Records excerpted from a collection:
+ + +

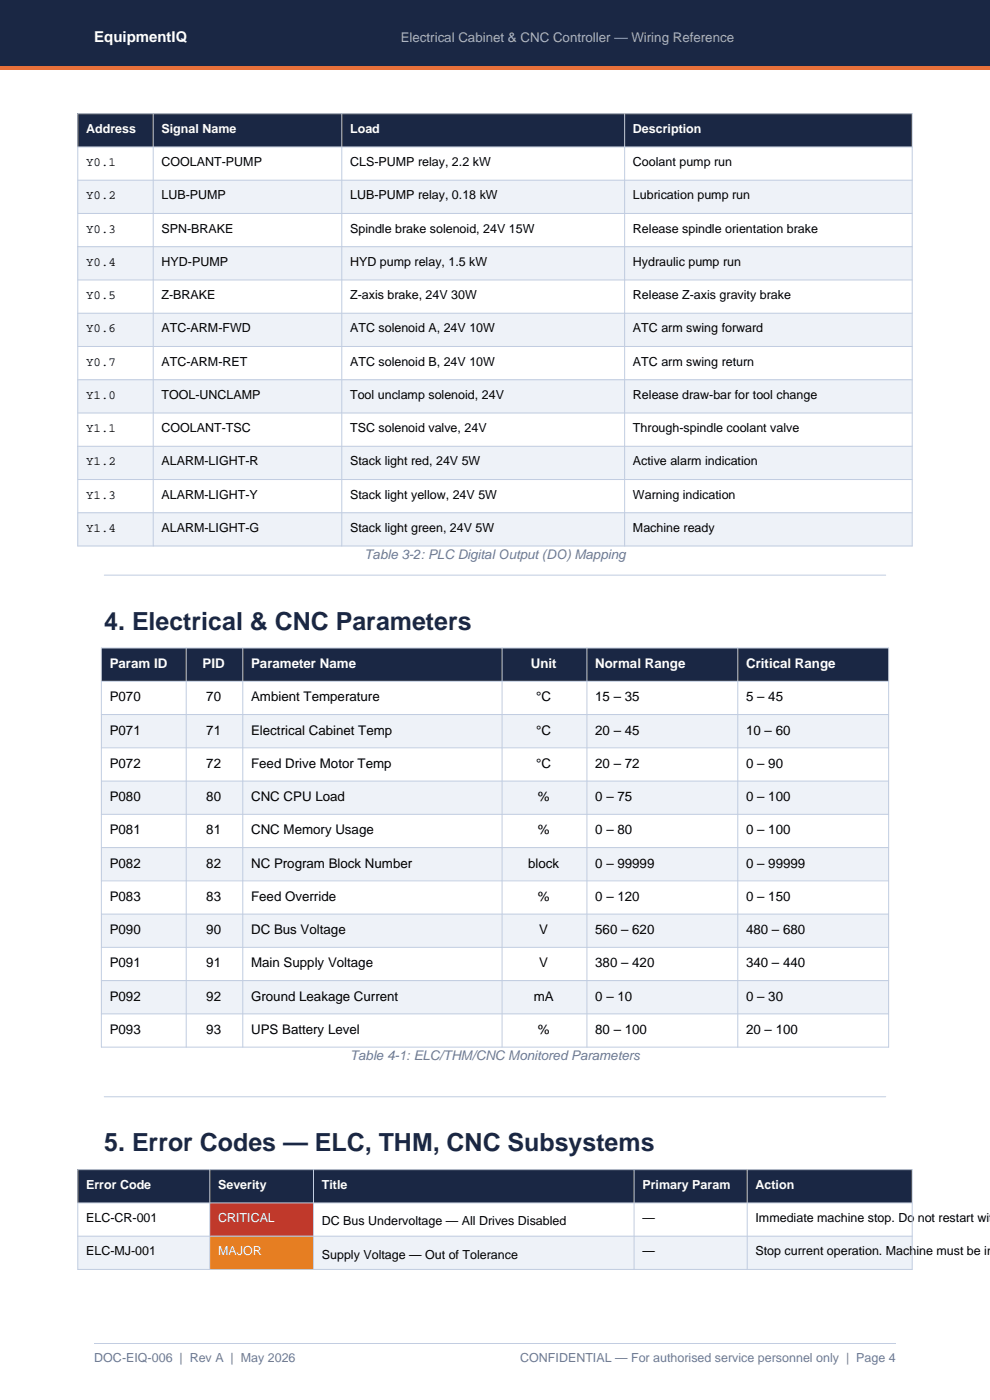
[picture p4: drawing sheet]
<svg xmlns="http://www.w3.org/2000/svg" width="210mm" height="297mm" viewBox="0 0 210 297" stroke-linecap="round" stroke-linejoin="round" font-family="sans-serif">
<defs><g id="words">
<g font-size="5.3" fill="#1a2744">
<text x="22.1" y="133.6">4. Electrical &amp; CNC Parameters</text>
<text x="22.1" y="244.3">5. Error Codes — ELC, THM, CNC Subsystems</text>
</g>
<text font-size="3.2" fill="#fff" x="20" y="9">EquipmentIQ</text>
<text font-size="2.8" fill="#a0b4d0" x="85" y="9">Electrical Cabinet &amp; CNC Controller — Wiring Reference</text>
<g font-size="2.8" fill="#6b7a99">
<text x="77.3" y="118.7">Table 3-2: PLC Digital Output (DO) Mapping</text>
<text x="74.3" y="225">Table 4-1: ELC/THM/CNC Monitored Parameters</text>
</g>
<g font-size="2.8" fill="#fff">
<text x="23.3" y="141.7">Param ID</text>
<text x="43" y="141.7">PID</text>
<text x="53.3" y="141.7">Parameter Name</text>
<text x="112.6" y="141.7">Unit</text>
<text x="126.3" y="141.7">Normal Range</text>
<text x="158.3" y="141.7">Critical Range</text>
</g>
<g font-size="2.8">
<text x="23.3" y="148.8">P070</text>
<text x="43.8" y="148.8">70</text>
<text x="53.3" y="148.8">Ambient Temperature</text>
<text x="113.7" y="148.8">°C</text>
<text x="126.3" y="148.8">15 – 35</text>
<text x="158.3" y="148.8">5 – 45</text>
<text x="23.3" y="155.8">P071</text>
<text x="43.8" y="155.8">71</text>
<text x="53.3" y="155.8">Electrical Cabinet Temp</text>
<text x="113.7" y="155.8">°C</text>
<text x="126.3" y="155.8">20 – 45</text>
<text x="158.3" y="155.8">10 – 60</text>
<text x="23.3" y="162.9">P072</text>
<text x="43.8" y="162.9">72</text>
<text x="53.3" y="162.9">Feed Drive Motor Temp</text>
<text x="113.7" y="162.9">°C</text>
<text x="126.3" y="162.9">20 – 72</text>
<text x="158.3" y="162.9">0 – 90</text>
<text x="23.3" y="169.9">P080</text>
<text x="43.8" y="169.9">80</text>
<text x="53.3" y="169.9">CNC CPU Load</text>
<text x="114.1" y="169.9">%</text>
<text x="126.3" y="169.9">0 – 75</text>
<text x="158.3" y="169.9">0 – 100</text>
<text x="23.3" y="177">P081</text>
<text x="43.8" y="177">81</text>
<text x="53.3" y="177">CNC Memory Usage</text>
<text x="114.1" y="177">%</text>
<text x="126.3" y="177">0 – 80</text>
<text x="158.3" y="177">0 – 100</text>
<text x="23.3" y="184">P082</text>
<text x="43.8" y="184">82</text>
<text x="53.3" y="184">NC Program Block Number</text>
<text x="112" y="184">block</text>
<text x="126.3" y="184">0 – 99999</text>
<text x="158.3" y="184">0 – 99999</text>
<text x="23.3" y="191.1">P083</text>
<text x="43.8" y="191.1">83</text>
<text x="53.3" y="191.1">Feed Override</text>
<text x="114.1" y="191.1">%</text>
<text x="126.3" y="191.1">0 – 120</text>
<text x="158.3" y="191.1">0 – 150</text>
<text x="23.3" y="198.2">P090</text>
<text x="43.8" y="198.2">90</text>
<text x="53.3" y="198.2">DC Bus Voltage</text>
<text x="114.4" y="198.2">V</text>
<text x="126.3" y="198.2">560 – 620</text>
<text x="158.3" y="198.2">480 – 680</text>
<text x="23.3" y="205.2">P091</text>
<text x="43.8" y="205.2">91</text>
<text x="53.3" y="205.2">Main Supply Voltage</text>
<text x="114.4" y="205.2">V</text>
<text x="126.3" y="205.2">380 – 420</text>
<text x="158.3" y="205.2">340 – 440</text>
<text x="23.3" y="212.3">P092</text>
<text x="43.8" y="212.3">92</text>
<text x="53.3" y="212.3">Ground Leakage Current</text>
<text x="113.2" y="212.3">mA</text>
<text x="126.3" y="212.3">0 – 10</text>
<text x="158.3" y="212.3">0 – 30</text>
<text x="23.3" y="219.3">P093</text>
<text x="43.8" y="219.3">93</text>
<text x="53.3" y="219.3">UPS Battery Level</text>
<text x="114.1" y="219.3">%</text>
<text x="126.3" y="219.3">80 – 100</text>
<text x="158.3" y="219.3">20 – 100</text>
</g>
<g font-size="2.6" fill="#fff">
<text x="18.3" y="28.2">Address</text>
<text x="34.3" y="28.2">Signal Name</text>
<text x="74.3" y="28.2">Load</text>
<text x="134.3" y="28.2">Description</text>
<text x="18.3" y="252.2">Error Code</text>
<text x="46.3" y="252.2">Severity</text>
<text x="68.3" y="252.2">Title</text>
<text x="136.3" y="252.2">Primary Param</text>
<text x="160.3" y="252.2">Action</text>
<text x="46.3" y="259.2">CRITICAL</text>
<text x="46.3" y="266.3">MAJOR</text>
</g>
<g font-size="2.6">
<text x="18.3" y="35.2">Y0.1</text>
<text x="34.3" y="35.2">COOLANT-PUMP</text>
<text x="74.3" y="35.2">CLS-PUMP relay, 2.2 kW</text>
<text x="134.3" y="35.2">Coolant pump run</text>
<text x="18.3" y="42.3">Y0.2</text>
<text x="34.3" y="42.3">LUB-PUMP</text>
<text x="74.3" y="42.3">LUB-PUMP relay, 0.18 kW</text>
<text x="134.3" y="42.3">Lubrication pump run</text>
<text x="18.3" y="49.3">Y0.3</text>
<text x="34.3" y="49.3">SPN-BRAKE</text>
<text x="74.3" y="49.3">Spindle brake solenoid, 24V 15W</text>
<text x="134.3" y="49.3">Release spindle orientation brake</text>
<text x="18.3" y="56.4">Y0.4</text>
<text x="34.3" y="56.4">HYD-PUMP</text>
<text x="74.3" y="56.4">HYD pump relay, 1.5 kW</text>
<text x="134.3" y="56.4">Hydraulic pump run</text>
<text x="18.3" y="63.5">Y0.5</text>
<text x="34.3" y="63.5">Z-BRAKE</text>
<text x="74.3" y="63.5">Z-axis brake, 24V 30W</text>
<text x="134.3" y="63.5">Release Z-axis gravity brake</text>
<text x="18.3" y="70.5">Y0.6</text>
<text x="34.3" y="70.5">ATC-ARM-FWD</text>
<text x="74.3" y="70.5">ATC solenoid A, 24V 10W</text>
<text x="134.3" y="70.5">ATC arm swing forward</text>
<text x="18.3" y="77.6">Y0.7</text>
<text x="34.3" y="77.6">ATC-ARM-RET</text>
<text x="74.3" y="77.6">ATC solenoid B, 24V 10W</text>
<text x="134.3" y="77.6">ATC arm swing return</text>
<text x="18.3" y="84.6">Y1.0</text>
<text x="34.3" y="84.6">TOOL-UNCLAMP</text>
<text x="74.3" y="84.6">Tool unclamp solenoid, 24V</text>
<text x="134.3" y="84.6">Release draw-bar for tool change</text>
<text x="18.3" y="91.7">Y1.1</text>
<text x="34.3" y="91.7">COOLANT-TSC</text>
<text x="74.3" y="91.7">TSC solenoid valve, 24V</text>
<text x="134.3" y="91.7">Through-spindle coolant valve</text>
<text x="18.3" y="98.7">Y1.2</text>
<text x="34.3" y="98.7">ALARM-LIGHT-R</text>
<text x="74.3" y="98.7">Stack light red, 24V 5W</text>
<text x="134.3" y="98.7">Active alarm indication</text>
<text x="18.3" y="105.8">Y1.3</text>
<text x="34.3" y="105.8">ALARM-LIGHT-Y</text>
<text x="74.3" y="105.8">Stack light yellow, 24V 5W</text>
<text x="134.3" y="105.8">Warning indication</text>
<text x="18.3" y="112.8">Y1.4</text>
<text x="34.3" y="112.8">ALARM-LIGHT-G</text>
<text x="74.3" y="112.8">Stack light green, 24V 5W</text>
<text x="134.3" y="112.8">Machine ready</text>
<text x="18.3" y="259.2">ELC-CR-001</text>
<text x="68.3" y="260">DC Bus Undervoltage — All Drives Disabled</text>
<text x="136.3" y="259.2">—</text>
<text x="160.3" y="259.2">Immediate machine stop. Do not restart with</text>
<text x="18.3" y="266.3">ELC-MJ-001</text>
<text x="68.3" y="267">Supply Voltage — Out of Tolerance</text>
<text x="136.3" y="266.3">—</text>
<text x="160.3" y="266.3">Stop current operation. Machine must be ins</text>
</g>
<g font-size="2.6" fill="#6b7a99">
<text x="20" y="289">DOC-EIQ-006 | Rev A | May 2026</text>
<text x="110.3" y="289">CONFIDENTIAL — For authorised service personnel only | Page 4</text>
</g>
</g></defs>
<path d="M0 0h210v14h-210z" fill-rule="evenodd" fill="#1a2744"/>
<path d="M0 14h210v.7h-210z" fill-rule="evenodd" fill="#e8703a"/>
<path d="M20 284.9h170" fill="none" stroke="#c0cce0" stroke-width=".21"/>
<path d="M16.5 24.1h177v7.1h-177z" fill-rule="evenodd" fill="#1a2744"/>
<path d="M16.5 31.2h177v7h-177z" fill-rule="evenodd" fill="#fff"/>
<path d="M16.5 38.2h177v7.1h-177z" fill-rule="evenodd" fill="#eef2f8"/>
<path d="M16.5 45.3h177v7h-177z" fill-rule="evenodd" fill="#fff"/>
<path d="M16.5 52.3h177v7.1h-177z" fill-rule="evenodd" fill="#eef2f8"/>
<path d="M16.5 59.4h177v7h-177z" fill-rule="evenodd" fill="#fff"/>
<path d="M16.5 66.4h177v7.1h-177z" fill-rule="evenodd" fill="#eef2f8"/>
<path d="M16.5 73.5h177v7.1h-177z" fill-rule="evenodd" fill="#fff"/>
<path d="M16.5 80.6h177v7h-177z" fill-rule="evenodd" fill="#eef2f8"/>
<path d="M16.5 87.6h177v7.1h-177z" fill-rule="evenodd" fill="#fff"/>
<path d="M16.5 94.7h177v7h-177z" fill-rule="evenodd" fill="#eef2f8"/>
<path d="M16.5 101.7h177v7.1h-177z" fill-rule="evenodd" fill="#fff"/>
<path d="M16.5 108.8h177v7h-177z" fill-rule="evenodd" fill="#eef2f8"/>
<g fill="none" stroke="#c0cce0" stroke-width=".21">
<path d="M16.5 24.1h177v91.7h-177zM16.5 31.2h177M16.5 38.2h177M32.5 24.1v91.7M72.5 24.1v91.7M132.5 24.1v91.7M16.5 45.3h177M16.5 52.3h177M16.5 59.4h177M16.5 66.4h177M16.5 73.5h177M16.5 80.6h177"/>
<path d="M16.5 87.6h177M16.5 94.7h177M16.5 101.7h177M16.5 108.8h177M22.1 122h165.8"/>
</g>
<path d="M21.5 137.5h167v7h-167z" fill-rule="evenodd" fill="#1a2744"/>
<path d="M21.5 144.5h167v7.1h-167z" fill-rule="evenodd" fill="#fff"/>
<path d="M21.5 151.6h167v7h-167z" fill-rule="evenodd" fill="#eef2f8"/>
<path d="M21.5 158.6h167v7.1h-167z" fill-rule="evenodd" fill="#fff"/>
<path d="M21.5 165.7h167v7.1h-167z" fill-rule="evenodd" fill="#eef2f8"/>
<path d="M21.5 172.8h167v7h-167z" fill-rule="evenodd" fill="#fff"/>
<path d="M21.5 179.8h167v7.1h-167z" fill-rule="evenodd" fill="#eef2f8"/>
<path d="M21.5 186.9h167v7h-167z" fill-rule="evenodd" fill="#fff"/>
<path d="M21.5 193.9h167v7.1h-167z" fill-rule="evenodd" fill="#eef2f8"/>
<path d="M21.5 201h167v7h-167z" fill-rule="evenodd" fill="#fff"/>
<path d="M21.5 208h167v7.1h-167z" fill-rule="evenodd" fill="#eef2f8"/>
<path d="M21.5 215.1h167v7h-167z" fill-rule="evenodd" fill="#fff"/>
<g fill="none" stroke="#c0cce0" stroke-width=".21">
<path d="M21.5 137.5h167v84.6h-167zM39.5 137.5v84.6M51.5 137.5v84.6M106.5 137.5v84.6M124.5 137.5v84.6M156.5 137.5v84.6M21.5 144.5h167M21.5 151.6h167M21.5 158.6h167M21.5 165.7h167M21.5 172.8h167M21.5 179.8h167"/>
<path d="M21.5 186.9h167M21.5 193.9h167M21.5 201h167M21.5 208h167M21.5 215.1h167M22.1 232.7h165.8"/>
</g>
<path d="M16.5 248.1h177v7.1h-177z" fill-rule="evenodd" fill="#1a2744"/>
<path d="M44.5 255.2h22v7h-22z" fill-rule="evenodd" fill="#c0392b"/>
<path d="M44.5 262.2h22v7.1h-22z" fill-rule="evenodd" fill="#e67e22"/>
<g fill="#eef2f8">
<path d="M16.5 262.2h28v7.1h-28z" fill-rule="evenodd"/>
<path d="M66.5 262.2h127v7.1h-127z" fill-rule="evenodd"/>
</g>
<path d="M16.5 248.1h177v21.2h-177zM16.5 255.2h177M44.5 248.1v21.2M66.5 248.1v21.2M134.5 248.1v21.2M158.5 248.1v21.2M16.5 262.2h177" fill="none" stroke="#c0cce0" stroke-width=".21"/>
<use href="#words"/>
</svg>

+ + +

● **Your goal**: Print the entries as they stand, first line through the line holding "ELC/THM/CNC Monitored Parameters</text>", with every picture removed.

● **Result below**:
[picture p4: drawing sheet]
<svg xmlns="http://www.w3.org/2000/svg" width="210mm" height="297mm" viewBox="0 0 210 297" stroke-linecap="round" stroke-linejoin="round" font-family="sans-serif">
<defs><g id="words">
<g font-size="5.3" fill="#1a2744">
<text x="22.1" y="133.6">4. Electrical &amp; CNC Parameters</text>
<text x="22.1" y="244.3">5. Error Codes — ELC, THM, CNC Subsystems</text>
</g>
<text font-size="3.2" fill="#fff" x="20" y="9">EquipmentIQ</text>
<text font-size="2.8" fill="#a0b4d0" x="85" y="9">Electrical Cabinet &amp; CNC Controller — Wiring Reference</text>
<g font-size="2.8" fill="#6b7a99">
<text x="77.3" y="118.7">Table 3-2: PLC Digital Output (DO) Mapping</text>
<text x="74.3" y="225">Table 4-1: ELC/THM/CNC Monitored Parameters</text>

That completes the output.